Task to carry out:
Transcribe all the lines below exactly. Omit the pictures.

Recorded data:
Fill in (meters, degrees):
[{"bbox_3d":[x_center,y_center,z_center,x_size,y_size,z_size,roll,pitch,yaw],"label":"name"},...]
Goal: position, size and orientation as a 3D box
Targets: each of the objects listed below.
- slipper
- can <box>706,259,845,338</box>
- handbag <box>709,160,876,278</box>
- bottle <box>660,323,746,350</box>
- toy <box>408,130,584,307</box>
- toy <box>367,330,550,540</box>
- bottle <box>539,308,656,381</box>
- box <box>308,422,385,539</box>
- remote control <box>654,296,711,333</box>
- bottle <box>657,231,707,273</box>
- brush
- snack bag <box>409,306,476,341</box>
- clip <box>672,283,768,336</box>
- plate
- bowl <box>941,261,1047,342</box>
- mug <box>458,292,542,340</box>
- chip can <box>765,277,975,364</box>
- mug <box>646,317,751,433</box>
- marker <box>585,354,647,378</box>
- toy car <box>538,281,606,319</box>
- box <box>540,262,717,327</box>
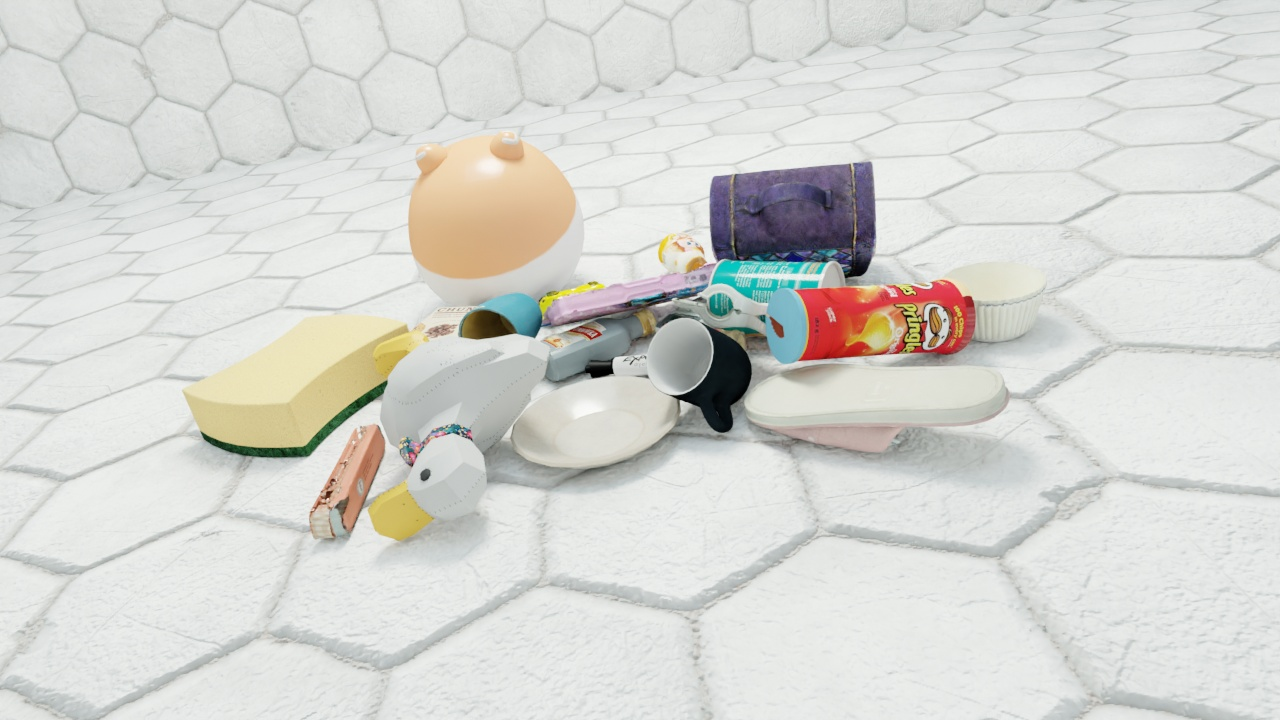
[{"bbox_3d":[0.227,0.047,0.915,0.275,0.054,0.113,-2,30,40],"label":"slipper"},{"bbox_3d":[0.169,-0.074,1.138,0.144,0.099,0.099,5,30,30],"label":"can"},{"bbox_3d":[0.203,-0.184,1.211,0.205,0.125,0.222,-2,-10,13],"label":"handbag"},{"bbox_3d":[0.075,-0.021,1.133,0.109,0.044,0.044,4,30,28],"label":"bottle"},{"bbox_3d":[-0.221,-0.214,1.383,0.263,0.281,0.265,-7,46,8],"label":"toy"},{"bbox_3d":[-0.198,0.058,0.974,0.246,0.141,0.267,-38,35,-8],"label":"toy"},{"bbox_3d":[-0.055,-0.025,1.189,0.161,0.046,0.072,-23,26,-22],"label":"bottle"},{"bbox_3d":[-0.318,0.126,0.993,0.053,0.058,0.186,-38,20,16],"label":"box"},{"bbox_3d":[0.070,-0.054,1.220,0.060,0.028,0.114,12,35,41],"label":"remote control"},{"bbox_3d":[0.068,-0.154,1.383,0.063,0.063,0.108,-17,27,-11],"label":"bottle"},{"bbox_3d":[-0.439,0.026,1.207,0.195,0.075,0.249,4,30,29],"label":"brush"},{"bbox_3d":[-0.241,-0.028,1.244,0.094,0.070,0.205,0,28,21],"label":"snack bag"},{"bbox_3d":[0.111,-0.061,1.051,0.147,0.081,0.125,10,8,5],"label":"clip"},{"bbox_3d":[-0.048,0.073,1.008,0.189,0.027,0.188,-9,26,4],"label":"plate"},{"bbox_3d":[0.409,-0.065,1.065,0.115,0.062,0.115,-9,25,4],"label":"bowl"},{"bbox_3d":[-0.177,-0.030,1.181,0.084,0.112,0.104,21,26,8],"label":"mug"},{"bbox_3d":[0.251,-0.043,1.002,0.213,0.087,0.087,-4,23,-19],"label":"chip can"},{"bbox_3d":[0.072,0.022,0.989,0.085,0.094,0.121,-30,61,26],"label":"mug"},{"bbox_3d":[-0.007,0.007,1.131,0.126,0.025,0.025,-5,27,14],"label":"marker"},{"bbox_3d":[-0.095,-0.080,1.318,0.107,0.049,0.030,-14,28,-4],"label":"toy car"},{"bbox_3d":[-0.021,-0.082,1.246,0.230,0.035,0.159,-14,-2,-20],"label":"box"}]

Response for this exercise:
Fill in (meters, degrees):
[{"bbox_3d":[x_center,y_center,z_center,x_size,y_size,z_size,roll,pitch,yaw],"label":"name"},...]
Goal: position, size and orientation as a 3D box
Targets: each of the objects listed below.
- slipper
- can <box>706,259,845,338</box>
- handbag <box>709,160,876,278</box>
- bottle <box>660,323,746,350</box>
- toy <box>408,130,584,307</box>
- toy <box>367,330,550,540</box>
- bottle <box>539,308,656,381</box>
- box <box>308,422,385,539</box>
- remote control <box>654,296,711,333</box>
- bottle <box>657,231,707,273</box>
- brush
- snack bag <box>409,306,476,341</box>
- clip <box>672,283,768,336</box>
- plate
- bowl <box>941,261,1047,342</box>
- mug <box>458,292,542,340</box>
- chip can <box>765,277,975,364</box>
- mug <box>646,317,751,433</box>
- marker <box>585,354,647,378</box>
- toy car <box>538,281,606,319</box>
- box <box>540,262,717,327</box>
[{"bbox_3d":[0.227,0.047,0.915,0.275,0.054,0.113,-2,30,40],"label":"slipper"},{"bbox_3d":[0.169,-0.074,1.138,0.144,0.099,0.099,5,30,30],"label":"can"},{"bbox_3d":[0.203,-0.184,1.211,0.205,0.125,0.222,-2,-10,13],"label":"handbag"},{"bbox_3d":[0.075,-0.021,1.133,0.109,0.044,0.044,4,30,28],"label":"bottle"},{"bbox_3d":[-0.221,-0.214,1.383,0.263,0.281,0.265,-7,46,8],"label":"toy"},{"bbox_3d":[-0.198,0.058,0.974,0.246,0.141,0.267,-38,35,-8],"label":"toy"},{"bbox_3d":[-0.055,-0.025,1.189,0.161,0.046,0.072,-23,26,-22],"label":"bottle"},{"bbox_3d":[-0.318,0.126,0.993,0.053,0.058,0.186,-38,20,16],"label":"box"},{"bbox_3d":[0.070,-0.054,1.220,0.060,0.028,0.114,12,35,41],"label":"remote control"},{"bbox_3d":[0.068,-0.154,1.383,0.063,0.063,0.108,-17,27,-11],"label":"bottle"},{"bbox_3d":[-0.439,0.026,1.207,0.195,0.075,0.249,4,30,29],"label":"brush"},{"bbox_3d":[-0.241,-0.028,1.244,0.094,0.070,0.205,0,28,21],"label":"snack bag"},{"bbox_3d":[0.111,-0.061,1.051,0.147,0.081,0.125,10,8,5],"label":"clip"},{"bbox_3d":[-0.048,0.073,1.008,0.189,0.027,0.188,-9,26,4],"label":"plate"},{"bbox_3d":[0.409,-0.065,1.065,0.115,0.062,0.115,-9,25,4],"label":"bowl"},{"bbox_3d":[-0.177,-0.030,1.181,0.084,0.112,0.104,21,26,8],"label":"mug"},{"bbox_3d":[0.251,-0.043,1.002,0.213,0.087,0.087,-4,23,-19],"label":"chip can"},{"bbox_3d":[0.072,0.022,0.989,0.085,0.094,0.121,-30,61,26],"label":"mug"},{"bbox_3d":[-0.007,0.007,1.131,0.126,0.025,0.025,-5,27,14],"label":"marker"},{"bbox_3d":[-0.095,-0.080,1.318,0.107,0.049,0.030,-14,28,-4],"label":"toy car"},{"bbox_3d":[-0.021,-0.082,1.246,0.230,0.035,0.159,-14,-2,-20],"label":"box"}]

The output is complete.